When ID_KEY is omitted, request URI is used as a key.

  # Temporary issue of ticket.
  my $ticket_id = $session->ticket(1);
    
  # The ticket is temporarily invalid.
  $session->ticket(0);

ticket_check ([ID_KEY], [TICKET_ID])

It confirms whether the ticket is temporarily corresponding to the existing one and the result is returned.

ID_KEY is a name of the issued key that temporarily preserves the ticket in the session. 'default' is used at the unspecification.

TICKET_ID is already issued temporarily ID of the ticket. When TICKET_ID is unspecification, the exception is generated.

The result returns by the following numerical values.

  -3 = The ticket for the confirmation cannot be received or it is in the format the problem.
  -2 = When the data confidence to become the origin of the ticket preservation is not found temporary.
  -1 = When data concerning ID_KEY is not preserved.
   0 = When not agreeing.
   1 = When agreeing.


  if ( 0 < $session->ticket_check( ticket_name => $e->request->param('ticket_name') ) ) {
     ... The ticket is a code when agreeing.
  } else {
     ... The ticket is a code when not agreeing.
  }

When ID_KEY is omitted, request URI is used as a key.

  if ( 0 < $session->ticket_check($e->request->param('ticket_name')) {
     ... The ticket is a code when agreeing.
  } else {
     ... The ticket is a code when not agreeing.
  }

ticket_remove ([ID_KEY])

The ticket is temporarily deleted specification.

0 returns when the ticket to be deleted is not registered.

  $session->ticket_remove('ticket_name');

When ID_KEY is omitted, request URI is used as a key.

  $session->ticket_remove;

One similar movement is done to pass 0 to the flag of 'ticket' method, and after it deletes it, here sets 'is_update'. Therefore, please use here when you want surely to delete it.

ticket_clear ([ID_KEY])

All registered tickets are annulled.
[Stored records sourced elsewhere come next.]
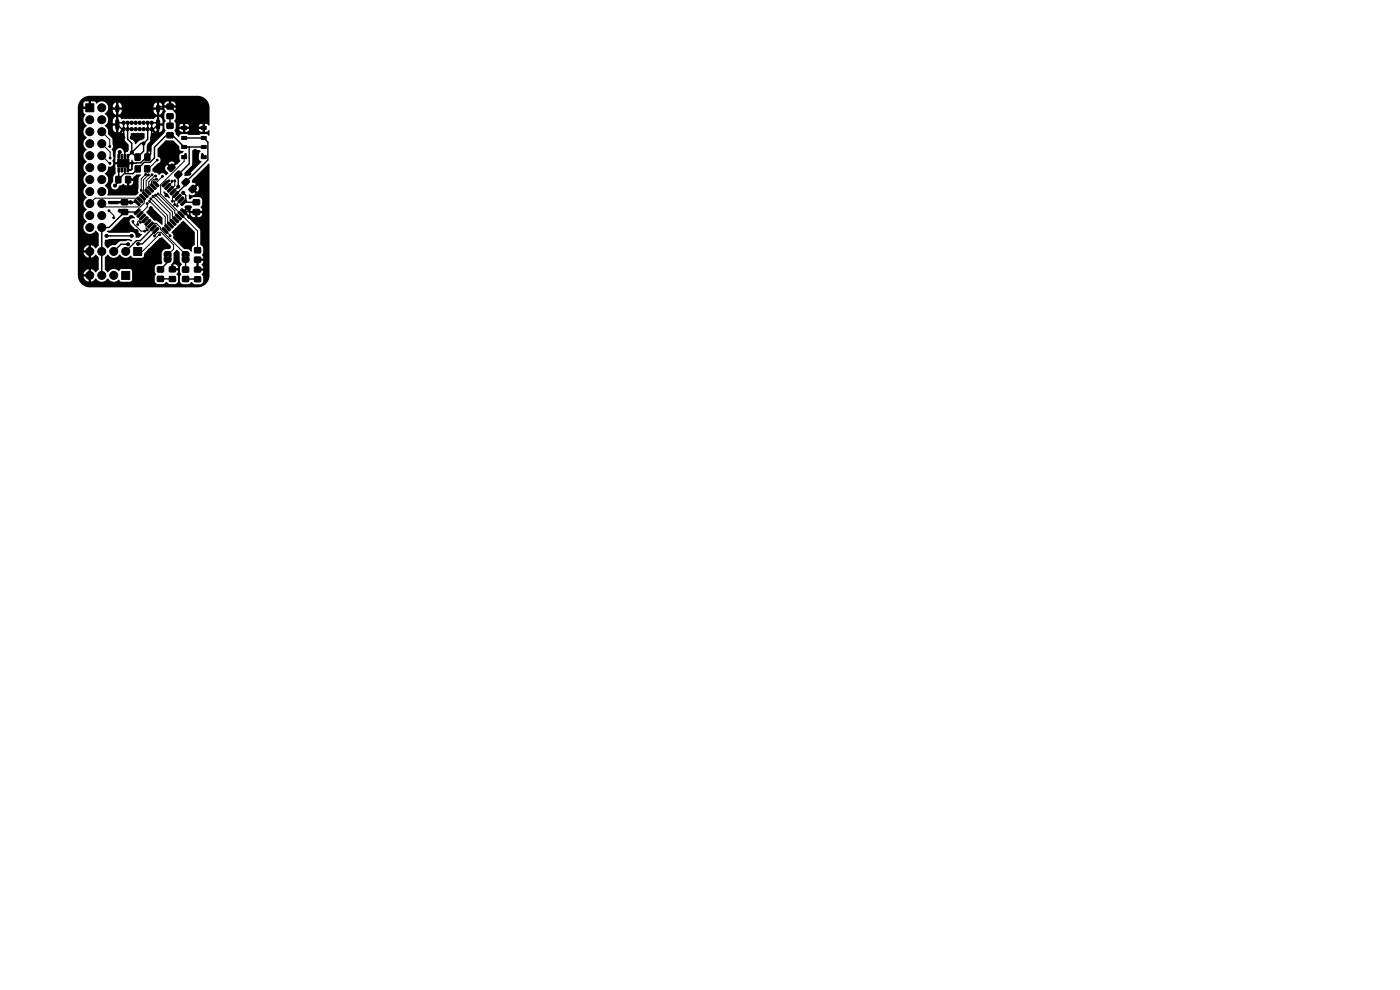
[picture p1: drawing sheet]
<svg xmlns="http://www.w3.org/2000/svg" width="297mm" height="210mm" viewBox="0 0 297 210" stroke-linecap="round" stroke-linejoin="round" font-family="sans-serif">
<g fill="#000">
<path d="M27.7 28.3l.7-.1 2.2 .1 .1 1-.4 .3-.8 .3-.8 .7-.2-.6-.8-.8zM33.5 31.5l1.7-1.8 1.5 .1 1.3 1.2 .2 .9 .8 .2-.3 .4a.55 .55 0 0 0-.7 .5l.1 .8 .1 .4-1.8 1.7h-.1l-.9-.9a.79 .79 0 0 0-.2 1.2l.5 .5-.5 .5a.88 .88 0 0 0-1.5-.1l-.3-.3-.6-.2-.5-.3v-.5l1.2-1.1 2.3-.1 .6 .6 .6-.7a.78 .78 0 0 0-1.2 .1h-2.3a.77 .77 0 0 0 .5-.7 .77 .77 0 0 0-.6-.7zM17.2 21.1l.8-.6 1-.2h22.9l.9 .2 .8 .5 .6 .7 .2 .9v4l-.1 .1-.3-.3-.5-.1v1.6h.5l.4-.3v1.2h-.2l-.4-.4-1.2 .1-.3 .1-3.8-.2-.3 .2-.3 .5-.6-.6-.1-.5a.35 .35 0 0 1-.2-.3 .35 .35 0 0 1 .2-.3h.8l.2 .4 .3 .1h.3v-.5h.5v.5h.5l.3-.5h2.1l.3 .5h.5v-.5h-5.8l.1-.5h1.5v-.6h.5v.6h3.7v-.6a.56 .56 0 0 0-.8 .6h-2.1l-.3-.5-1-.1a.56 .56 0 0 0-.8 .6h-.7v-.7l-.3-.5 .3-.6v-.8l-.4-.7 .4-.8h-2.4l.3 .8-.3 .6v1.1a.42 .42 0 0 1 .3 .4 .42 .42 0 0 1-.3 .4v1.3a.46 .46 0 0 1 0 .8l-2.7 2.7-.1 1.3-.6-.1v1.4l-.4 .1v-2.6l.2-.5 .7-.8v-1.4l.6-.2-.4-.4 .3-.3 .8 .7v-.6h.4l.1 .6 .5-.3 .2-.5v-.6l-.7-.2 .1-.3h.6l-.2-1.1-.5-.4-.1 .7-.4-.1v-.6l-.5 .3a.44 .44 0 0 1-.7 .2l-6.3 .1-.7-.6v.6l-.1 .1-.3-.1-.1-.6-.4 .3-.3 .6v.6h.6l.1 .3-.7 .2 .2 1 .5 .4v-.6h.4l.1 .6 .7-.7h.2l.2 .3-.4 .4 .6 .2 .1 1.5 .8 .9v1.1l-.1 .4h-.5l-.2 .3-.2-.2a.94 .94 0 0 0-1.2-.8 .94 .94 0 0 0-.6 1.3v1.6h3.4l.1-.6 .6 .8-.4 .4-.1 .9-.2 .3-.7-.1v-.2h.6l.1-1h-3.4v1.9l-.5 .7v1.1a.88 .88 0 0 0 0 1.5 .88 .88 0 0 0 1.3-.7l.9-.4 .7 .3v-1h.5v1h.2a.78 .78 0 0 0 .7-1h-1.4v-.7l.5-.1v.4h.9v-.4l.7-.5h.9l-.5 .8-.1 2.4a.95 .95 0 0 1-.5 1.3h-5.9l-.1-.2a1.52 1.52 0 0 0-.6-2 1.48 1.48 0 0 0 0-2.5l.1-.1a1.63 1.63 0 0 0 .7-1.4h.1a.71 .71 0 0 0 .8-.2 .71 .71 0 0 0-.1-.9l.3-.7-.2-1.4-.2-.4a.76 .76 0 0 0 .2-1.1l-.1-1.3-.9-1a1.58 1.58 0 0 0-.7-1.7 1.48 1.48 0 0 0 0-2.5l.6-.6h1.1l.2 .5 .5 .4v-.6l.4-.1 .1 .7 .5-.3 .2-.6h6.8l.1 .5 .6 .4v-.6h.4l.1 .6 .5-.3 .1-.4 .1-.4-.7-.1 .1-.4h.6l-.1-.5h1.4v-.8h.5v.8h1v-.1a.78 .78 0 0 0-1-.7 1.05 1.05 0 0 0-1.4 .6v.2h-.5l-.2-.4-.4-.2v.6h-.4l-.1-.6a.96 .96 0 0 0-.7 1.1h.6v.4l-.6 .1v.2h-6.8v-.2h-.6v-.5h.6v-.2a.93 .93 0 0 0-.7-.9v.6h-.4l-.1-.6-.4 .3-.2 .4-.1 .4 .7 .1-.1 .4h-.6v.2h-1.1l.1-.2a1.4 1.4 0 0 0-.7-1.6 1.4 1.4 0 0 0-1.7 .3l-.4-.4-.8-.1v.8l-.4 .1-.1-.2v-.7l-1 .2-.1 .9h.7l.2 .2-.1 .3h-.8l.1 .9 .4 .3a1.51 1.51 0 0 0 .2 2.4 1.48 1.48 0 0 0 0 2.5 1.48 1.48 0 0 0 0 2.6 1.48 1.48 0 0 0 0 2.5 1.48 1.48 0 0 0 0 2.6 1.48 1.48 0 0 0 0 2.5 1.48 1.48 0 0 0 0 2.5 1.48 1.48 0 0 0 0 2.6 1.48 1.48 0 0 0 0 2.5 1.4 1.4 0 0 0-.3 2.2 1.4 1.4 0 0 0 2.2-.3l.6 .6v2.6l-.6 .6-.6-.5-.4-.2v.8l-.4 .1-.1-.2v-.7l-.2 .1-.6 .4-.3 .6h.8l.1 .4-.9 .1 .3 .6 .6 .4 .2 .1v-.7l.1-.2 .4 .1v.8l.6-.3 .4-.4 .6 .5v2.7l-.6 .6-.6-.6-.4-.1v.7l-.1 .1h-.4v-.8l-.4 .1-.4 .3-.3 .7h.8l.1 .4-.9 .1a1.35 1.35 0 0 0 1.1 1.1l.1-.9 .4 .1v.8l.6-.3 .4-.4a1.55 1.55 0 0 0 2.6 0 1.5 1.5 0 0 0 2.4 .2l.5 .5h1.8l.4-.5v-1.8l-.2-.4h-2.1l-.4 .4a1.62 1.62 0 0 0-2.5 .3l-.6-.6v-2.6l.6-.6a1.55 1.55 0 0 0 2.6 0 1.5 1.5 0 0 0 2.4 .2l.5 .5 2-.1 .2-.2 .1-.7 3.3-3.2 .5-.2 1.8 1.8 .1 .4-.3 .4h-.9l-.6 .4-.2 .5 .2 2-.3 .3h-.9l-.4 .4-.1 1.2 .3 .4-.3 .7 .2 1.2 .5 .3 1.1-.1 .7-.4 .7 .5h1.1l.4-.2 .3-.4v-.9l-.4-.6 .4-.8h-1.4l-.1-1.3h.5v.8h1a.77 .77 0 0 0-1-.8h-.5l.5-.7v-1.7l.7-.7 .6 .6v1.8l.5 .6-.4 .7v1.2a.48 .48 0 0 1 0 .8v.9a.74 .74 0 0 0 .7 .7h1.1l.4-.3a.31 .31 0 0 1 .4-.2 .31 .31 0 0 1 .2 .3l.3 .2h1.1a.74 .74 0 0 0 .7-.7v-.8l-.3-.6 .3-.8h-1.3l-.1-.1v-2h.5v1.6h.9l-.4-.8 .3-.3 .1-.5h-1.4v-.5h1.4l-.3-.7 .3-.5v-1l-.6-.7v-3.1l-2.9-2.9-.2-.4-.5-.6h.4l.7 .7 .1-.4h.3a.78 .78 0 0 0 1 .9v-.9h.5v.9h.3a.75 .75 0 0 0 .7-.9h-2.8l-.4-.6-.4 .3h-.5l.5-.7-.2-.3 .4-.3h.9l.4 .3-.4 .8h2.5l-.4-.8 .4-.6-.2-1.2-.4-.3h-1.2l-.6 .4h-.4v-.9l.1-.1a.78 .78 0 0 0 1.3-.2l-.9-.9h.6l.6 .6 .2-.2a.75 .75 0 0 0-.1-1.1l-.7 .7h-.6l1-1-.9-.4v-.4l3.7-3.6v23.7l-.2 1.2-.7 .8-.7 .4-.9 .2h-22.9l-.8-.2-.7-.3-.7-.9-.3-1.2v-35.5l.2-.9zM40.8 31.9l1.5-.1 .3 .2-.4 .6v1.1l.1 .3 .5 .3-3 3h-.6l-.1-.7 1.7-1.7zM22.9 42.6h4.9l.4 .6h-3l-.1 .1h-2zM22.3 50.9l.8-.2h4.3l.6 .2-.1 .3a1.21 1.21 0 0 0-1.3 0h-1.2l-.9 .8a1.57 1.57 0 0 0-1.7 .7l-.6-.6zM22.7 49l.8-.2 2.8-2.7h.7l.6-.5h.4l.6 .5v.2a.82 .82 0 0 0-1 .4 .82 .82 0 0 0 .2 1l1.7 1.7 .6 .3-.6 .7h-.7a.91 .91 0 0 0-.3-1 .91 .91 0 0 0-1.1 0h-4.2l-.5-.2zM31.8 43.8h.2l2.4 2.4v1.5l-1-.8-.9-.3-1.5-1.5v-.2l.7-.7zM34.7 40.6l.3 .1 .6 .6 .4 .5v.2l-.2 .1-1.1-1.1zM35 54.3h.4v.5h-.4zM35.8 54.3h.4v.5h-.4zM36.7 48.9l2.2-2.1 2.4 2.4v2.7l-.5 .5-.1 .9-.2 .1-.5-.5-1-.1-2.3-2.4a1.03 1.03 0 0 0-.3-1.2z"/>
<path d="M38.8 54.3h.4v.5h-.4zM39.6 54.3h.4v.5h-.4z"/>
</g>
<g fill="#000" stroke="#000" stroke-width=".21">
<path d="M18.2 22h1.7v1.7h-1.7zM24.6 37.4h1v1.4h-1zM25 32.8h.4l-.1 .8-.3-.1zM25 35.7h.4l-.1 .8-.3-.1zM25.7 32.8h.3v.8l-.3-.1zM25.7 35.7h.3v.8l-.3-.1zM26.3 32.8h.4l-.1 .8-.3-.1zM26.3 35.7h.4l-.1 .8-.3-.1zM26.7 37.4h1v1.4h-1zM27 32.8h.3v.8l-.3-.1zM27 35.7h.3v.8l-.3-.1zM25 33.8h2.4v1.6h-2.4z"/>
<path d="M28.7 32.7h1v1.3h-1zM28.7 35.2h1.1v1.2h-1.1zM30.7 35.2h1.1v1.2h-1.1zM30.7 32.7h1.1v1.3h-1.1zM32.1 39h.1l.9 .8-.2 .4h-.1l-.9-.9zM32.4 38.6l.4-.2 .9 .9v.2l-.4 .1-.9-.9zM35.4 28.2h1.3v1h-1.3zM35.4 26.2h1.3v1h-1.3zM34.4 39.3l.9-.9 .4 .2-1 1.1-.3-.2zM35 39.8l.9-.9 .3 .3-.9 1-.3-.2zM35.6 35.5l.8-.7 .8 .7-.9 .9-.7-.5zM35.4 22.1h1.3v1h-1.3z"/>
<path d="M35.4 24.1h1.3v1h-1.3zM35.5 40.4l.9-.9 .4 .2-1 1.1-.3-.2zM37.7 36.3h.4l.5 .7-.9 .9-.7-.7zM38.5 26.8h1.1v.6h-1.1zM38.5 28.9h1.1v.7h-1.1zM39.3 37.9h.4l.5 .6-.9 1-.7-.8zM38.5 33h1.1v.7h-1.1zM38.5 30.9h1.1v.6h-1.1zM40.8 39.4h.3l.6 .6-.9 .9-.8-.7zM42.7 26.8h1v.6h-1zM42.7 28.9h1v.7h-1zM42.7 33h1v.7h-1z"/>
<path d="M42.7 30.9h1v.6h-1zM25.8 57.6h1.7v1.7h-1.7zM25.8 44.5h1.3v1h-1.3zM25.8 42.4h1.3v1h-1.3zM28.4 52.5h1.7v1.7h-1.7zM29.4 44.3h.1l.2 .3-1 1-.2-.4zM28.7 42.4h.1l.9 .8-.2 .4h-.1l-.9-.9zM29.9 44.9h.2l.2 .3-1 .9-.3-.3zM29.2 41.8h.2l.9 .9-.2 .3h-.2l-.8-.9zM30.5 45.4h.2l.2 .3-1.1 1-.2-.3zM29.6 41.4l.4-.2 .9 .9v.2l-.4 .2-.9-.9zM30.2 46.9l.9-.9 .3 .2-.9 1.1-.3-.2z"/>
<path d="M30.4 40.7h.1l.9 .8-.2 .4h-.1l-.9-.9zM30.7 47.4l1-.9 .3 .3-.9 1-.4-.2zM30.9 40.1h.2l.9 .9-.2 .3h-.2l-.9-.9zM31.3 48l.9-.9 .4 .2-1 1.1-.3-.2zM31.5 39.5h.2l.9 .9-.2 .4h-.2l-.9-.9zM31.9 48.6l.9-.9 .3 .2-.9 1.1-.3-.2zM32.4 49.1l1-.9 .3 .3-.9 1-.4-.2zM33.4 56.6h1.3v1.1h-1.3zM33.4 58.6h1.3v1.1h-1.3zM34.9 53.5l.4-.1h.8l.2 .4v.6h-1.5zM34.6 48.3h.1l.9 .8-.1 .4h-.2l-.9-.9zM35.1 47.7h.2l.9 .9-.2 .3h-.2l-.8-.9z"/>
<path d="M34.8 54.7h1.5v.7l-.3 .2h-1l-.2-.4zM35.7 47.1h.2l.9 .9-.2 .4h-.2l-.9-.9zM35.9 56.6h1.3v1h-1.3zM35.9 58.7h1.3v1h-1.3zM36.3 46.6h.1l.9 .8-.2 .4h-.1l-.9-.9zM36.1 41l.9-.9 .4 .2-1 1.1-.3-.3zM36.7 46.2l.3-.2 .9 .9v.2l-.4 .1-.8-.9zM37.5 40.7h.2l.2 .3-1 .9-.3-.3zM37.2 45.6l.4-.2 .9 .9v.2l-.4 .2-.9-.9zM37.2 42.1l.9-.9 .4 .2-1 1.1-.3-.2zM38.7 53.5l.4-.1h.8l.2 .4v.6h-1.5zM38 44.9h.1l.9 .8-.2 .4h-.1l-.9-.9z"/>
<path d="M38.7 41.8h.1l.2 .3-1 .9-.2-.3zM38.5 44.3h.2l.9 .9-.2 .3h-.2l-.9-.9zM38.3 43.2l1-.9 .3 .3-.9 1-.4-.2zM38.7 56.7h1.3v1h-1.3zM38.7 58.7h1.3v1h-1.3zM38.6 54.7h1.5v.7l-.3 .2h-1l-.2-.4zM41 42.4h1.3v1h-1.3zM41 44.5h1.3v1h-1.3zM41.3 52.6h1.2v1h-1.2zM41.3 54.6h1.2v1h-1.2zM41.3 56.7h1.2v1h-1.2zM41.3 58.7h1.2v1h-1.2z"/>
<circle cx="19" cy="27.9" r=".85"/>
<circle cx="19" cy="33" r=".85"/>
<circle cx="19" cy="25.4" r=".85"/>
<circle cx="19" cy="30.5" r=".85"/>
<circle cx="19" cy="35.6" r=".85"/>
<circle cx="19" cy="38.1" r=".85"/>
<circle cx="21.6" cy="30.5" r=".85"/>
<circle cx="21.6" cy="33" r=".85"/>
<circle cx="21.6" cy="27.9" r=".85"/>
<circle cx="21.6" cy="25.4" r=".85"/>
<circle cx="21.6" cy="35.6" r=".85"/>
<circle cx="21.6" cy="22.9" r=".85"/>
<circle cx="21.6" cy="38.1" r=".85"/>
<circle cx="23.3" cy="31.1" r=".2"/>
<circle cx="23.3" cy="34.7" r=".2"/>
<circle cx="23.4" cy="33.5" r=".2"/>
<circle cx="24.4" cy="39.4" r=".33"/>
<circle cx="25.4" cy="32.3" r=".33"/>
<circle cx="26.2" cy="29.2" r=".33"/>
<circle cx="26.2" cy="26" r=".35"/>
<circle cx="26.2" cy="27.4" r=".35"/>
<circle cx="27.1" cy="26" r=".35"/>
<circle cx="27.1" cy="27.4" r=".35"/>
<circle cx="27.9" cy="27.4" r=".35"/>
<circle cx="27.9" cy="26" r=".35"/>
<circle cx="27.9" cy="29.2" r=".33"/>
<circle cx="28" cy="32.3" r=".33"/>
<circle cx="28.8" cy="26" r=".35"/>
<circle cx="28.8" cy="27.4" r=".35"/>
<circle cx="29.6" cy="27.4" r=".35"/>
<circle cx="29.6" cy="26" r=".35"/>
<circle cx="30.5" cy="30.4" r=".32"/>
<circle cx="30.5" cy="26" r=".35"/>
<circle cx="30.5" cy="27.4" r=".35"/>
<circle cx="30.9" cy="37" r=".2"/>
<circle cx="31.3" cy="27.4" r=".35"/>
<circle cx="31.3" cy="26" r=".35"/>
<circle cx="31.5" cy="37.1" r=".2"/>
<circle cx="32.2" cy="27.4" r=".35"/>
<circle cx="32.2" cy="26" r=".35"/>
<circle cx="32.3" cy="37.1" r=".2"/>
<circle cx="33" cy="37.3" r=".2"/>
<circle cx="33.2" cy="38" r=".2"/>
<circle cx="33.4" cy="34" r=".2"/>
<circle cx="34.5" cy="37.4" r=".2"/>
<circle cx="35.8" cy="38.4" r=".2"/>
<circle cx="36.5" cy="38.4" r=".2"/>
<circle cx="37.1" cy="38.4" r=".2"/>
<circle cx="37.6" cy="34" r=".33"/>
<circle cx="37.8" cy="39.6" r=".32"/>
<circle cx="39.4" cy="32.8" r=".2"/>
<circle cx="40.1" cy="36.8" r=".33"/>
<circle cx="41.4" cy="32" r=".33"/>
<circle cx="41.4" cy="38.1" r=".33"/>
<circle cx="42.9" cy="32.8" r=".2"/>
<circle cx="19" cy="45.7" r=".85"/>
<circle cx="19" cy="58.4" r=".85"/>
<circle cx="19" cy="53.3" r=".85"/>
<circle cx="19" cy="48.3" r=".85"/>
<circle cx="19" cy="43.2" r=".85"/>
<circle cx="19" cy="40.6" r=".85"/>
<circle cx="19.1" cy="55.9" r=".33"/>
<circle cx="21.6" cy="53.3" r=".85"/>
<circle cx="21.6" cy="45.7" r=".85"/>
<circle cx="21.6" cy="58.4" r=".85"/>
<circle cx="21.6" cy="48.3" r=".85"/>
<circle cx="21.6" cy="43.2" r=".85"/>
<circle cx="21.6" cy="40.6" r=".85"/>
<circle cx="22.6" cy="50" r=".33"/>
<circle cx="22.6" cy="51.6" r=".33"/>
<circle cx="23.1" cy="44.7" r=".2"/>
<circle cx="24.1" cy="53.3" r=".85"/>
<circle cx="24.1" cy="58.4" r=".85"/>
<circle cx="24.1" cy="46.2" r=".2"/>
<circle cx="24.1" cy="55.9" r=".33"/>
<circle cx="25.4" cy="44.7" r=".33"/>
<circle cx="26.7" cy="47.5" r=".33"/>
<circle cx="26.7" cy="53.3" r=".85"/>
<circle cx="27.2" cy="51.8" r=".33"/>
<circle cx="27.7" cy="42.9" r=".33"/>
<circle cx="27.9" cy="50" r=".33"/>
<circle cx="28.2" cy="47" r=".2"/>
<circle cx="28.4" cy="40.4" r=".33"/>
<circle cx="29" cy="49" r=".33"/>
<circle cx="29.2" cy="47.6" r=".2"/>
<circle cx="29.3" cy="51.7" r=".33"/>
<circle cx="29.8" cy="47.2" r=".2"/>
<circle cx="30" cy="40.4" r=".2"/>
<circle cx="30.7" cy="49" r=".2"/>
<circle cx="31.2" cy="48.8" r=".2"/>
<circle cx="31.2" cy="43.2" r=".2"/>
<circle cx="31.7" cy="42.7" r=".2"/>
<circle cx="31.7" cy="53.1" r=".33"/>
<circle cx="32" cy="42.2" r=".2"/>
<circle cx="32" cy="44.2" r=".33"/>
<circle cx="32.5" cy="41.7" r=".2"/>
<circle cx="32.8" cy="50" r=".2"/>
<circle cx="33" cy="41.4" r=".2"/>
<circle cx="33.5" cy="41.1" r=".2"/>
<circle cx="33.8" cy="46.7" r=".33"/>
<circle cx="33.9" cy="49.8" r=".2"/>
<circle cx="35.3" cy="41.4" r=".33"/>
<circle cx="36.1" cy="50" r=".2"/>
<circle cx="36.6" cy="42.7" r=".2"/>
<circle cx="37.1" cy="43.4" r=".2"/>
<circle cx="37.6" cy="43.7" r=".2"/>
<circle cx="38.9" cy="40.9" r=".33"/>
<circle cx="39.9" cy="51.8" r=".33"/>
<circle cx="40.1" cy="46" r=".33"/>
</g>
<path d="M24.9 22.6v.8M24.9 25.7v1.5M33.5 22.6v.8M33.5 25.7v1.5" fill="none" stroke="#000" stroke-width=".9"/>
<g fill="none" stroke="#000" stroke-width=".3">
<path d="M24.9 26.4l.3-.4h1v4.2M24.9 26.4l1 1h.3M24.9 26.4v2.4l1.6 1.6v3.9l-.3 .3M25.2 36.1v1.9M25.4 32.3l-.2 .2v.7M26.2 34.6l.9 1M26.5 33.1v.1M26.5 36.1v.6M26.5 36.7l-1.4 1.4v.6l-.7 .7M27.1 26v3.5l.9 .9v1.9l1 1h.2l1.3-1.2v-1.7M27.4 34.6l-.3 .3v1.2h.6l.2-.3v-.9l.3-.3M30.5 30.4h-.6l-2.8 2.8"/>
<path d="M31.3 26v3.6l-.8 .8M33.5 26.4l-1 1h-.3M33.5 26.4l-.3-.4h-1v2.9M33.5 26.4v1.2l-1.5 1.5v3.6l-2.1 1.8-3.7 .1M33.7 22.6h2.4l3 3v1.5h4.1M36.1 24.6v2.1M39.1 29.3h4.1l.9 .8v3.8l-4.7 4.7v.5l-2.1 2.2M40.1 31.2v3.5l-2.3 2.4v2.5l-1.1 1.1M43.2 31.2h-4.1l-2.5-2.5h-1.3l-2.5 2.5v2.3l-1 .9h-1.2l-2.4 2.4h-1.6l-.1-.1M22.6 50h5.3M25.4 44.7h.7l.3 .3M26.4 42.9l2.7 .1"/>
<path d="M26.4 45l-3.3 3.3h-1.5v10.1M27.2 51.8h-1.5l-1.6 1.5M29.1 44.9l-2.7 .1M32.5 48.3l-2.7 2.8h-.8l-2.3 2.2M33.1 48.9l-2.9 2.8h-.9M34 59.2h2.6M35.6 55.2v.4l-1.6 1.6M38.9 40.9l.5 .5v1.1l-.4 .5M39 44.9l2.7 .1M39 42.9h2.7M39.4 59.2h2.5M39.4 55.2v2"/>
</g>
<g fill="none" stroke="#000" stroke-width=".21">
<path d="M21.6 33l1.7 1.7M21.6 30.5l1.8 1.8v1.2M21.6 27.9l1.7 1.7v1.5M30.9 37l-.9 .9v2.5M31.5 37.1l-1.1 1v2.8l.4 .4M32.3 37.1l-1.3 1.2v2l.4 .4M33 37.3h-.2l-1.2 1.3v1.2l.3 .3M33.2 38h-.6l-.5 .5v.7l.4 .4M33.4 34l-1.9 1.8h-.3M34.5 37.4l-1.4 1.4v.2M35.8 38.4l-.8 .6M36.5 38.4v.3l-.9 .9"/>
<path d="M37.1 38.4v1l-.8 .7h-.2M39.4 32.8l-.3 .3v1.1l-5 5v2l7.8 7.8v4.1M42.9 32.8v.2l.3 .3M23.1 44.7l1 1v.5M28.2 47v.3l1.7 1.7h.8M29.7 42.4l-.4-.4h-9.1l-1.2 1.2M30.2 41.8l.4 .4v.9l-.8 .8h-7.5l-.7-.7M30.2 46l-1 1.1v.5M30.8 46.6l-.6 .6h-.4M31.2 43.2v.7l-1.5 1.6M31.4 47.2l-.4 .3v1l.2 .3M31.7 42.7l3.4 3.3v1.8l.5 .5"/>
<path d="M31.9 47.7l.4-.3h.9l.9 .9v.4l5.3 5.2M32 42.2l3.6 3.5v1.5l.5 .5M32.5 41.7l3.6 3.5v1.3l.6 .7M32.8 50l.7-.7h.7l2.6 2.6v.9l-1 1.1h-.2M33 41.4l3.6 3.6v.9l.7 .7M33.5 41.1l3.6 3.6v.6l.7 .7M33.9 49.8l-3.7 3.5h-1M33.9 49.8h.1M35 48.9l1.1 1.1M37.3 41.3l-.7 .7v.7M37.8 41.8l-.7 .8v.8M38.4 42.4l-.8 .8v.5"/>
</g>
</svg>

And, the annulled number of tickets is returned.

  my $count= $session->ticket_clear;

ticket_purge ([TIME_VALUE])

TIME_VALUE is deleted and passage annuls all tickets temporarily. And, the annulled number of tickets is returned.

  # All the passage of ten minutes is deleted.
  $session->ticket_purge( 10* 60 );
  
  # All the passage of 1 hour is deleted.
  $session->ticket_purge( 1* 60* 60 );
  
  # All the passage of a 1 day is deleted.
  $session->ticket_purge( 1* 24* 60* 60 );

valid_ticket ([TICKET_ID])

The format of TICKET_ID is checked and the result is returned.

SEE ALSO

Egg::Release, Egg::Model::Session::Manager::TieHash, Digest::SHA1,

AUTHOR

Masatoshi Mizuno <lushe@cpan.org>

COPYRIGHT AND LICENSE

Copyright (C) 2008 Bee Flag, Corp. <http://egg.bomcity.com/>, All Rights Reserved.

This library is free software; you can redistribute it and/or modify it under the same terms as Perl itself, either Perl version 5.8.6 or, at your option, any later version of Perl 5 you may have available.